The hilarious struggle is real
Here’s the thing that’s both funny and telling: these are models that can write code and pass bar exams. But ask one to navigate from Pallet Town to Pewter City? You might as well be asking a toddler to file your taxes. The report notes that earlier Claude models would just wander aimlessly, unable to get past the first town. It’s a stark reminder that “knowing” something in a training dataset is wildly different from being able to execute a plan in a dynamic, unpredictable environment. I think that’s the core insight. The AI might have the entire Pokémon wiki memorized, but turning that knowledge into a coherent, step-by-step journey to become the champion is a whole other beast. It’s clumsy. It gets stuck in menus. It forgets what it was doing. Sound familiar? It should—it’s basically how I play after not touching a game for six months.
Why Pokémon is the perfect AI sandbox
So why Pokémon? Why not a harder modern game? The article, citing an explanation from Perplexity AI, nails a few key reasons. First, it’s turn-based. This removes the need for lightning-fast reflexes, letting researchers isolate pure planning and reasoning. Second, it’s less constrained than old benchmarks like Pong or Atari games. There are hundreds of Pokémon, different paths, and countless strategies. This open-endedness exposes an AI’s weaknesses in a way a simple game of Pong never could. And finally, let’s be honest: it’s culturally familiar. Researchers grew up with it. They intuitively know what a “good” playthrough looks like, making it easier to evaluate failure. Plus, livestreams of an AI bumbling through Viridian Forest are just more entertaining to watch than a graph of accuracy percentages.

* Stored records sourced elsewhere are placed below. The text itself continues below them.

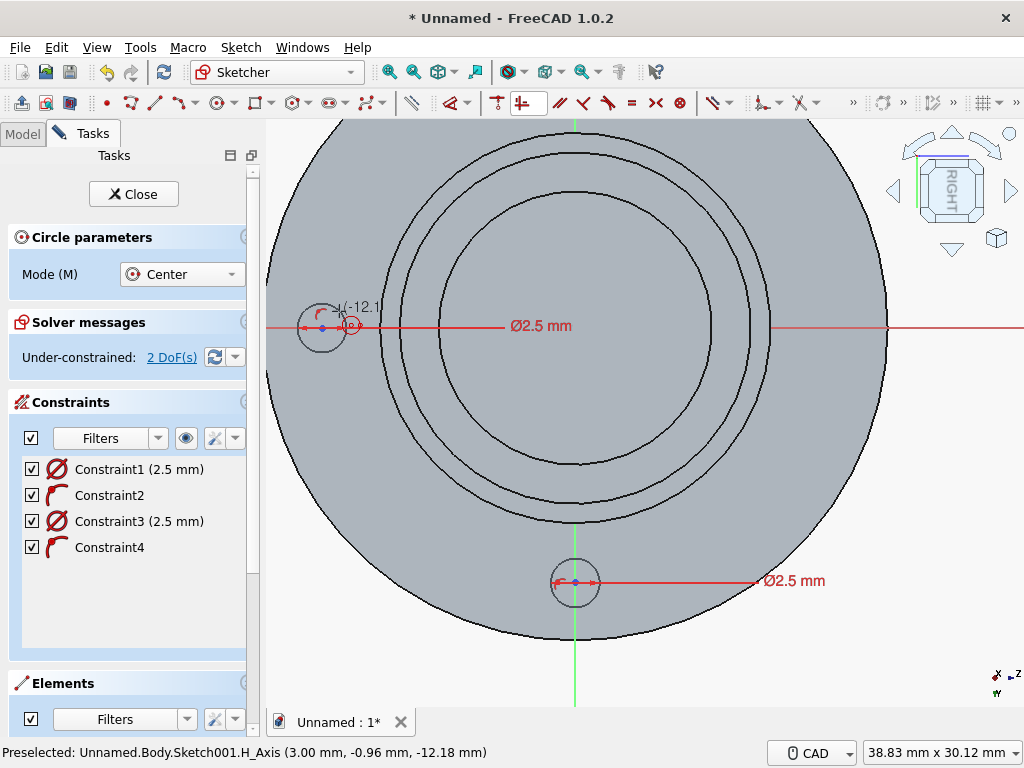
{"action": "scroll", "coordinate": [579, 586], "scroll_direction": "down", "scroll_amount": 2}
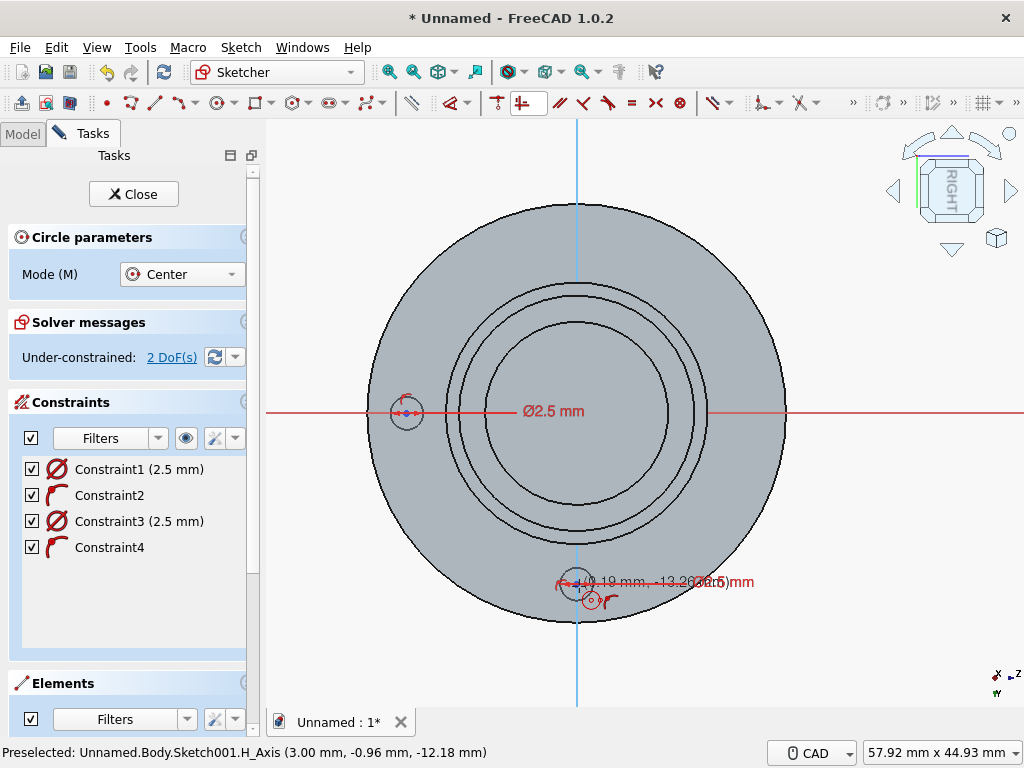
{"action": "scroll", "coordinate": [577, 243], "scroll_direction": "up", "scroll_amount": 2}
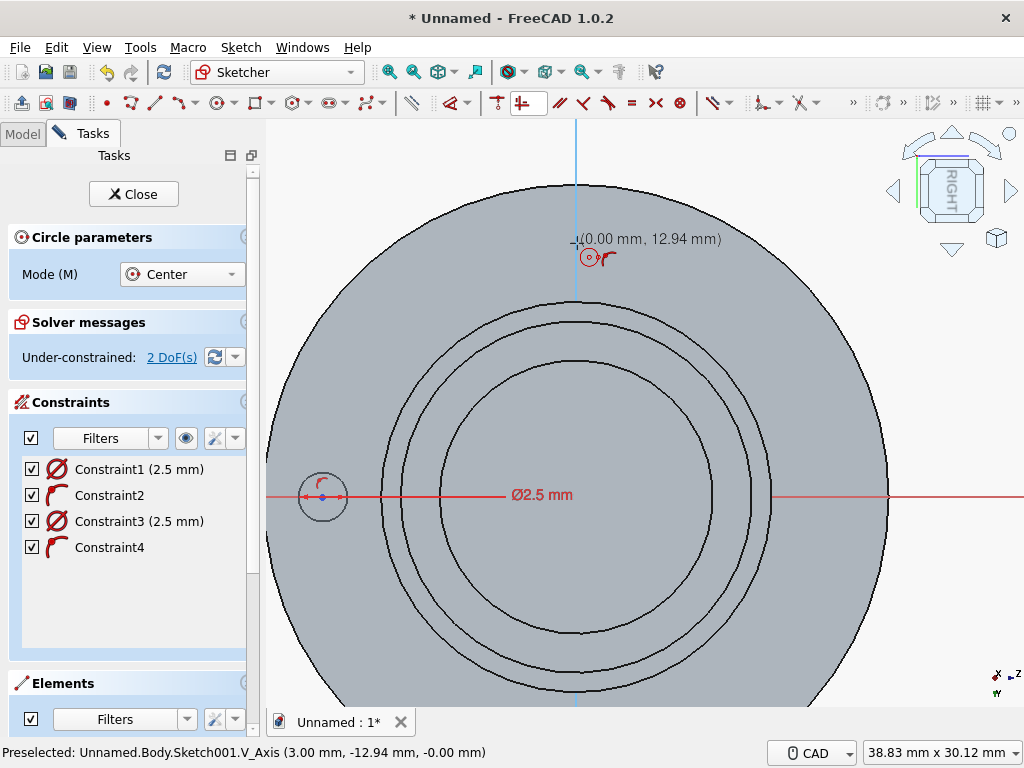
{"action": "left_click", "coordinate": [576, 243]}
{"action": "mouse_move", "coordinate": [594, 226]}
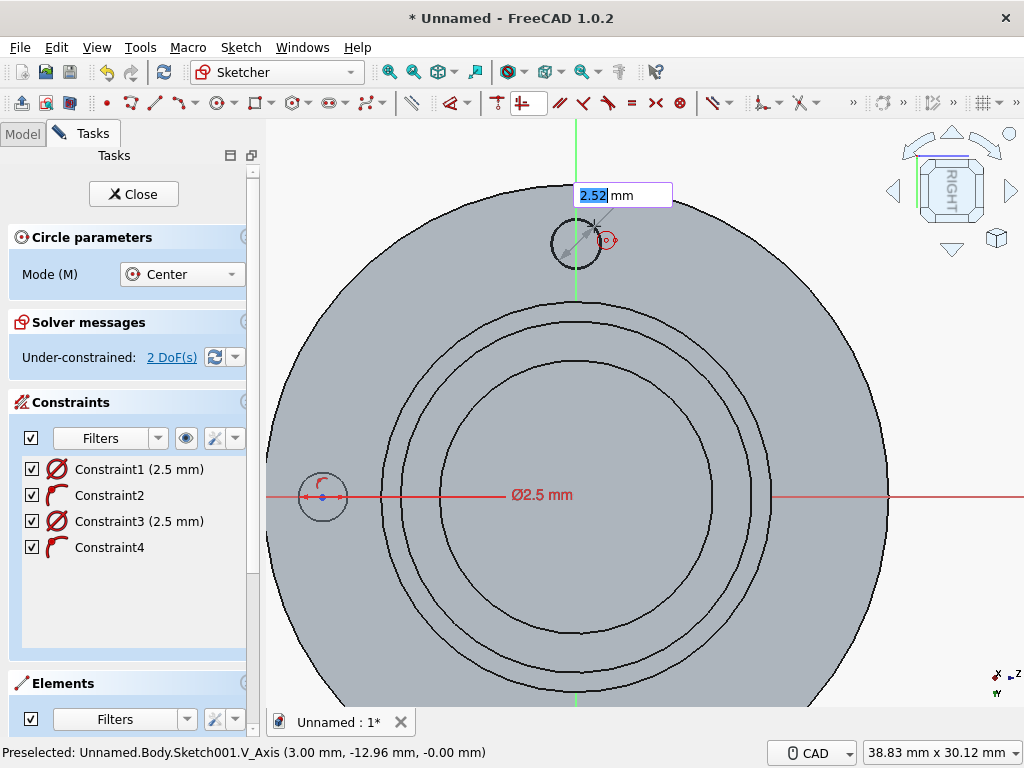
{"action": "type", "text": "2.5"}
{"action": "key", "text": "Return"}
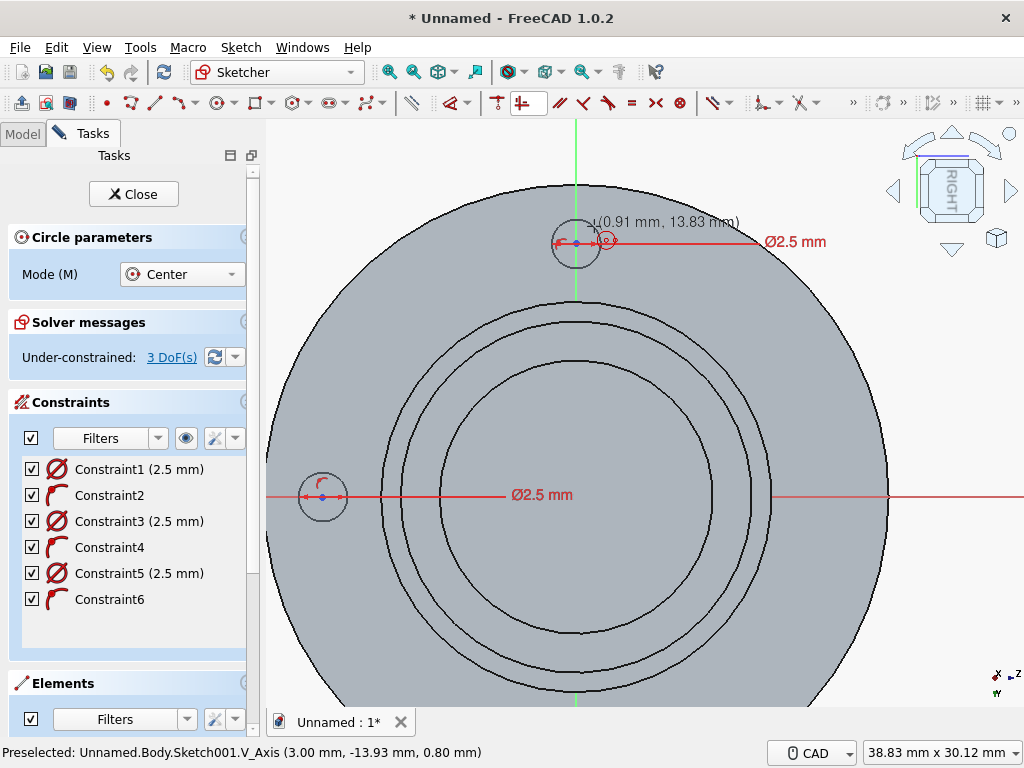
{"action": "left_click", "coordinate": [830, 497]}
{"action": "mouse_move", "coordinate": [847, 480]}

What this really tells us about AI’s limits
This isn’t just a quirky experiment. It’s exposing a fundamental gap in today’s large language models. As independent researcher Peter Whidden noted, these models “know almost everything about Pokémon” but can’t execute. They lack persistent, working memory and the ability to chain together hundreds of small decisions toward a distant goal. It’s the difference between having a perfect roadmap and actually driving the car across the country, dealing with traffic, detours, and your own need for a snack break. The success of specialized bots using methods like Monte Carlo Tree Search shows there are other paths to “intelligence” in games. But for the general-purpose LLMs we’re all talking about? Pokémon highlights that they’re brilliant assistants, but terrible independent operators when a task requires sustained, logical execution. That has huge implications for anyone hoping to deploy AI for complex, multi-step business or logistics tasks.
From social experiment to AI lab
It’s poetic, really. The article reminds us that this all has a precursor in the 2014 “Twitch Plays Pokémon” phenomenon, where millions of people collaboratively (and chaotically) input commands to play the game. That was a test of crowd-sourced, organic “intelligence.” Now, we’re testing silicon-based intelligence in the same digital arena. The game that taught a generation about type advantages and grinding levels is now teaching AI researchers about the boundaries of machine reasoning. It’s a fascinating full-circle moment for a 30-year-old franchise. The takeaway is clear: if you want to see if an AI can truly think ahead and adapt, don’t give it an exam. Give it a Game Boy and a copy of Pokémon Red. The results will be far more revealing, and honestly, a lot more fun to watch.